:: Given records ::
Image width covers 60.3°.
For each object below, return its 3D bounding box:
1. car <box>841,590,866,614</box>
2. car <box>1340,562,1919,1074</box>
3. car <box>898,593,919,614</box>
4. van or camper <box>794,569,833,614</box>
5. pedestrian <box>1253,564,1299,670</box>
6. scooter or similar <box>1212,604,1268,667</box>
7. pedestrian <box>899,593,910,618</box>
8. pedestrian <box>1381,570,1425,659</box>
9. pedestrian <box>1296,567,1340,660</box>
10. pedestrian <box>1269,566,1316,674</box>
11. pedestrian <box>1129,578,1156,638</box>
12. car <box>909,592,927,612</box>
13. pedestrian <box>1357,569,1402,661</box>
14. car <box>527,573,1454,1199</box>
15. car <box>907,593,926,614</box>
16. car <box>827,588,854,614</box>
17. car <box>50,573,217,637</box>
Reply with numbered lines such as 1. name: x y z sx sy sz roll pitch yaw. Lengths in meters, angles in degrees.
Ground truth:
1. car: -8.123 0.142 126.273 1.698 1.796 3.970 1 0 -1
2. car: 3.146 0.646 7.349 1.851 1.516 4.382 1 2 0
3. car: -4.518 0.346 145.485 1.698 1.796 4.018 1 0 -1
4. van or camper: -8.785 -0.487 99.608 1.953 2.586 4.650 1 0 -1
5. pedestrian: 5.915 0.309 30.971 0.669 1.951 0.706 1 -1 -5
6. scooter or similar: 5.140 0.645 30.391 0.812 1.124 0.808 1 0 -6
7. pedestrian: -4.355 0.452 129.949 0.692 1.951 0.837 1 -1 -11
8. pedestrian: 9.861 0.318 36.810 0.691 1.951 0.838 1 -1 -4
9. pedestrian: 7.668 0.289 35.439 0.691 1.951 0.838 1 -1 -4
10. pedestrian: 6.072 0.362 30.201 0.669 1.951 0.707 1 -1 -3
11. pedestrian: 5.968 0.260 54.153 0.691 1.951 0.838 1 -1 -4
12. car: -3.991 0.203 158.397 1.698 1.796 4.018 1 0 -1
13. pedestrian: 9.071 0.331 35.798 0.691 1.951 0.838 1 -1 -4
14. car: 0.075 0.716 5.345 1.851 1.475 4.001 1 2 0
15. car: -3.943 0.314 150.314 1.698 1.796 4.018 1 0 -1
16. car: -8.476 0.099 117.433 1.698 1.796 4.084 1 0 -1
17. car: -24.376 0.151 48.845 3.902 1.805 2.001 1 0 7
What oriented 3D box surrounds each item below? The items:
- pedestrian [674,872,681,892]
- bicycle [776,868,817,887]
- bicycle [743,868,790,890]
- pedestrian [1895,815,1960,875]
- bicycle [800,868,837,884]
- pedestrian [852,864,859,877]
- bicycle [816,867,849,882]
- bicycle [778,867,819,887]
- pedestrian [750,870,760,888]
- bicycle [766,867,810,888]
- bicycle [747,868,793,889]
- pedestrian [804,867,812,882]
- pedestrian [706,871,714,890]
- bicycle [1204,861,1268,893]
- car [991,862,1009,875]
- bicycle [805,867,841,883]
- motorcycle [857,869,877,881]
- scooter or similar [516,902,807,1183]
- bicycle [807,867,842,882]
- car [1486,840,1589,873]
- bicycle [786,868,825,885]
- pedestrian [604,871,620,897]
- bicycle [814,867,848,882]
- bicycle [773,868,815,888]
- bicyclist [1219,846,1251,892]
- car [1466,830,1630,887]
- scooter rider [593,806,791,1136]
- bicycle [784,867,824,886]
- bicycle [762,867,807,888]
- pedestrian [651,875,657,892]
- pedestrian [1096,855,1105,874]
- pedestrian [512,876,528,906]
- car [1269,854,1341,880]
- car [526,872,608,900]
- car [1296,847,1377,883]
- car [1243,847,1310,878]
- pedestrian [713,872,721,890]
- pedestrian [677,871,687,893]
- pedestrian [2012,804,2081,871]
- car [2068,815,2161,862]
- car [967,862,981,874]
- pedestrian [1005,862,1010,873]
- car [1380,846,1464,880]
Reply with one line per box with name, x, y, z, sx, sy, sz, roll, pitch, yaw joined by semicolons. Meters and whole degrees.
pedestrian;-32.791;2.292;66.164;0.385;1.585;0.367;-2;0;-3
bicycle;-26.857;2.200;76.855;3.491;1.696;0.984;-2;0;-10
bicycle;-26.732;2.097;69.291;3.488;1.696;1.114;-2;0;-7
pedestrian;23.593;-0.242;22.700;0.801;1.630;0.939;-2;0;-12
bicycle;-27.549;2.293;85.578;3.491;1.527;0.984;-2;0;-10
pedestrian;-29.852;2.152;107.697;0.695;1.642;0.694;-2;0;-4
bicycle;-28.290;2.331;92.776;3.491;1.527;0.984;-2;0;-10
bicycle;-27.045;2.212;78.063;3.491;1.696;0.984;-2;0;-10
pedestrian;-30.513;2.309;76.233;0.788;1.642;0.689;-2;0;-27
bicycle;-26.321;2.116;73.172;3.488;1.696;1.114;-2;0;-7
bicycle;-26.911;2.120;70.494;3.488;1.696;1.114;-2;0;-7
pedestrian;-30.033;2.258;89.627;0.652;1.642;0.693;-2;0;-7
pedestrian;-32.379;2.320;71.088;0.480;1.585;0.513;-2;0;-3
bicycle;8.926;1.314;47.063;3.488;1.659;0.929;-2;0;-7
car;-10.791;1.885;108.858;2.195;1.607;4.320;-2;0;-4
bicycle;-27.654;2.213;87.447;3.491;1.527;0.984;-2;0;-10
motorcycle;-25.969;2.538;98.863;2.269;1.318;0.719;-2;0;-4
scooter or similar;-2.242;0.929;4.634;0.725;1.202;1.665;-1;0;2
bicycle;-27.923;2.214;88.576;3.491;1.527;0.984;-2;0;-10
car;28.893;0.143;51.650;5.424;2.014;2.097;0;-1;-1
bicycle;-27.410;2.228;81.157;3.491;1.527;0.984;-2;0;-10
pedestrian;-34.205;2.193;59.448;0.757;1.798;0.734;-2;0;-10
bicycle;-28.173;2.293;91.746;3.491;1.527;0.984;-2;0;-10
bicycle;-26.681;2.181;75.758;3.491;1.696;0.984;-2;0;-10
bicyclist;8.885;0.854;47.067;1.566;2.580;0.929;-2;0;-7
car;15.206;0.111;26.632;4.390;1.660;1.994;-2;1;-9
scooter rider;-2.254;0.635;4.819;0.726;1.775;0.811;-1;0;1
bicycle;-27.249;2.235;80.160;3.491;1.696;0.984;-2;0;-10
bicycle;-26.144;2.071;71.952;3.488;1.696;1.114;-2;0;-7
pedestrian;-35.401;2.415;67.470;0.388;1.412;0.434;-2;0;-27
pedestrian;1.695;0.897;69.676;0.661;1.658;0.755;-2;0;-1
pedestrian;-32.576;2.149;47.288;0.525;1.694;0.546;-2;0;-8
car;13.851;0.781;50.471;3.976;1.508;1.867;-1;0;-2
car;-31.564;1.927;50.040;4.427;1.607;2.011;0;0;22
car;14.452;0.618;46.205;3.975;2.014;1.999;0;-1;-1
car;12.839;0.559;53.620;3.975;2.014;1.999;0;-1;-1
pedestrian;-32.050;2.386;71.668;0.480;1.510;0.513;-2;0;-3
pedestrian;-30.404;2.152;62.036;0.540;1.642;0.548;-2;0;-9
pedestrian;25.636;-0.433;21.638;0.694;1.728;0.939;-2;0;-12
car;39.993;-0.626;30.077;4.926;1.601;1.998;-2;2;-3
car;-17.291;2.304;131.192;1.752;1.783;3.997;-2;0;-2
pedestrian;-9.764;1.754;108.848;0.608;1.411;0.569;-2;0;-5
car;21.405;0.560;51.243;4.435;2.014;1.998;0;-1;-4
:::
— Problem details —
Please show every line above that includes the word "each".

— Result of this task —
For each object below, return its 3D bounding box:
What oriented 3D box surrounds each item below? The items:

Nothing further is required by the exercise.